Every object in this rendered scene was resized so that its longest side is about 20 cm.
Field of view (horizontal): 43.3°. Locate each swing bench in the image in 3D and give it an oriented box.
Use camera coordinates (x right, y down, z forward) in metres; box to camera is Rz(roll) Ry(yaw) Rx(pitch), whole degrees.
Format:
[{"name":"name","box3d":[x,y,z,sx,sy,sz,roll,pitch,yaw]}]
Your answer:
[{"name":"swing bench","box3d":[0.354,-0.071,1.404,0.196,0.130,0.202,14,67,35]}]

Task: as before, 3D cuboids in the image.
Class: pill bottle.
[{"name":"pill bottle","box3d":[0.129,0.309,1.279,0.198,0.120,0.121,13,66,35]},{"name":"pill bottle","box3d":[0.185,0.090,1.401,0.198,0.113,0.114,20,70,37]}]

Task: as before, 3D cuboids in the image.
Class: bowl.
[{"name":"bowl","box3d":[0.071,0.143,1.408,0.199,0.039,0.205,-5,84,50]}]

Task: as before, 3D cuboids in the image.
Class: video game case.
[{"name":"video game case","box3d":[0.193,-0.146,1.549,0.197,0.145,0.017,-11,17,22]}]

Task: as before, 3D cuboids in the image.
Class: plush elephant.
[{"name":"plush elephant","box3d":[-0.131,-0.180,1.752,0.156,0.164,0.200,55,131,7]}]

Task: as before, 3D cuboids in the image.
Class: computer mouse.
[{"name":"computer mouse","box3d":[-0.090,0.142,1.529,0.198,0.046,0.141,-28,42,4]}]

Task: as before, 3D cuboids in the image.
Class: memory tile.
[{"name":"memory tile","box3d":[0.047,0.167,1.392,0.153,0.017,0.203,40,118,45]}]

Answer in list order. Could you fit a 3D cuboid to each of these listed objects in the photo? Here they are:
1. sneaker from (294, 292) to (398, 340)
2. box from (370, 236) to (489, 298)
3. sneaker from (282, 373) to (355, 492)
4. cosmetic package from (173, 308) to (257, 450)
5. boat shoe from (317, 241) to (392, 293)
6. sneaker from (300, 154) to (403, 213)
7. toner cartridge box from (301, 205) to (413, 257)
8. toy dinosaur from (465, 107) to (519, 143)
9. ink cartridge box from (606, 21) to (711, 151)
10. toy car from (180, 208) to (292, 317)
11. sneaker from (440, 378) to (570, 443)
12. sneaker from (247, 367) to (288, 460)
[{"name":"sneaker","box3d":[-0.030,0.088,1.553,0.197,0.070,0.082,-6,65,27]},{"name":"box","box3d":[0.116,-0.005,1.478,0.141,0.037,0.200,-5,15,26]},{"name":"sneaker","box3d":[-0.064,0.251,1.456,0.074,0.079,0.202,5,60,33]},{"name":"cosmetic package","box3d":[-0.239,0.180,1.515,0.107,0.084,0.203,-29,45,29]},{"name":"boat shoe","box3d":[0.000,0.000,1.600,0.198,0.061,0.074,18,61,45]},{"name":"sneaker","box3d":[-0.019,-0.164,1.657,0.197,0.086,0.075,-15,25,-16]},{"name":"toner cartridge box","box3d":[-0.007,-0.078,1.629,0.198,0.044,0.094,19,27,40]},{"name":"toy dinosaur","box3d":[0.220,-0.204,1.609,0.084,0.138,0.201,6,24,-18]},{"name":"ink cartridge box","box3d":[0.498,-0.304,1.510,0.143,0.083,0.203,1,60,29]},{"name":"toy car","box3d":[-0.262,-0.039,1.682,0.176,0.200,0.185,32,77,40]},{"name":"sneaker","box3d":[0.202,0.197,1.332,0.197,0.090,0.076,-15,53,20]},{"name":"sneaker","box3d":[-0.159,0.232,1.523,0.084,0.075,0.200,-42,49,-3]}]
==============================
## PROBLEM TO WORK ON:
Repeat all of the material, exactly as it reads.

## REPLY:
Every object in this rendered scene was resized so that its longest side is about 20 cm.
Field of view (horizontal): 43.3°. Locate each swing bench in the image in 3D and give it an oriented box.
Use camera coordinates (x right, y down, z forward) in metres; box to camera is Rz(roll) Ry(yaw) Rx(pitch), whole degrees.
Format:
[{"name":"name","box3d":[x,y,z,sx,sy,sz,roll,pitch,yaw]}]
Your answer:
[{"name":"swing bench","box3d":[0.354,-0.071,1.404,0.196,0.130,0.202,14,67,35]}]

Task: as before, 3D cuboids in the image.
Class: pill bottle.
[{"name":"pill bottle","box3d":[0.129,0.309,1.279,0.198,0.120,0.121,13,66,35]},{"name":"pill bottle","box3d":[0.185,0.090,1.401,0.198,0.113,0.114,20,70,37]}]

Task: as before, 3D cuboids in the image.
Class: bowl.
[{"name":"bowl","box3d":[0.071,0.143,1.408,0.199,0.039,0.205,-5,84,50]}]

Task: as before, 3D cuboids in the image.
Class: video game case.
[{"name":"video game case","box3d":[0.193,-0.146,1.549,0.197,0.145,0.017,-11,17,22]}]

Task: as before, 3D cuboids in the image.
Class: plush elephant.
[{"name":"plush elephant","box3d":[-0.131,-0.180,1.752,0.156,0.164,0.200,55,131,7]}]

Task: as before, 3D cuboids in the image.
Class: computer mouse.
[{"name":"computer mouse","box3d":[-0.090,0.142,1.529,0.198,0.046,0.141,-28,42,4]}]

Task: as before, 3D cuboids in the image.
Class: memory tile.
[{"name":"memory tile","box3d":[0.047,0.167,1.392,0.153,0.017,0.203,40,118,45]}]

Answer in list order. Could you fit a 3D cuboid to each of these listed objects in the photo? Here they are:
1. sneaker from (294, 292) to (398, 340)
2. box from (370, 236) to (489, 298)
3. sneaker from (282, 373) to (355, 492)
4. cosmetic package from (173, 308) to (257, 450)
5. boat shoe from (317, 241) to (392, 293)
6. sneaker from (300, 154) to (403, 213)
7. toner cartridge box from (301, 205) to (413, 257)
8. toy dinosaur from (465, 107) to (519, 143)
9. ink cartridge box from (606, 21) to (711, 151)
10. toy car from (180, 208) to (292, 317)
11. sneaker from (440, 378) to (570, 443)
12. sneaker from (247, 367) to (288, 460)
[{"name":"sneaker","box3d":[-0.030,0.088,1.553,0.197,0.070,0.082,-6,65,27]},{"name":"box","box3d":[0.116,-0.005,1.478,0.141,0.037,0.200,-5,15,26]},{"name":"sneaker","box3d":[-0.064,0.251,1.456,0.074,0.079,0.202,5,60,33]},{"name":"cosmetic package","box3d":[-0.239,0.180,1.515,0.107,0.084,0.203,-29,45,29]},{"name":"boat shoe","box3d":[0.000,0.000,1.600,0.198,0.061,0.074,18,61,45]},{"name":"sneaker","box3d":[-0.019,-0.164,1.657,0.197,0.086,0.075,-15,25,-16]},{"name":"toner cartridge box","box3d":[-0.007,-0.078,1.629,0.198,0.044,0.094,19,27,40]},{"name":"toy dinosaur","box3d":[0.220,-0.204,1.609,0.084,0.138,0.201,6,24,-18]},{"name":"ink cartridge box","box3d":[0.498,-0.304,1.510,0.143,0.083,0.203,1,60,29]},{"name":"toy car","box3d":[-0.262,-0.039,1.682,0.176,0.200,0.185,32,77,40]},{"name":"sneaker","box3d":[0.202,0.197,1.332,0.197,0.090,0.076,-15,53,20]},{"name":"sneaker","box3d":[-0.159,0.232,1.523,0.084,0.075,0.200,-42,49,-3]}]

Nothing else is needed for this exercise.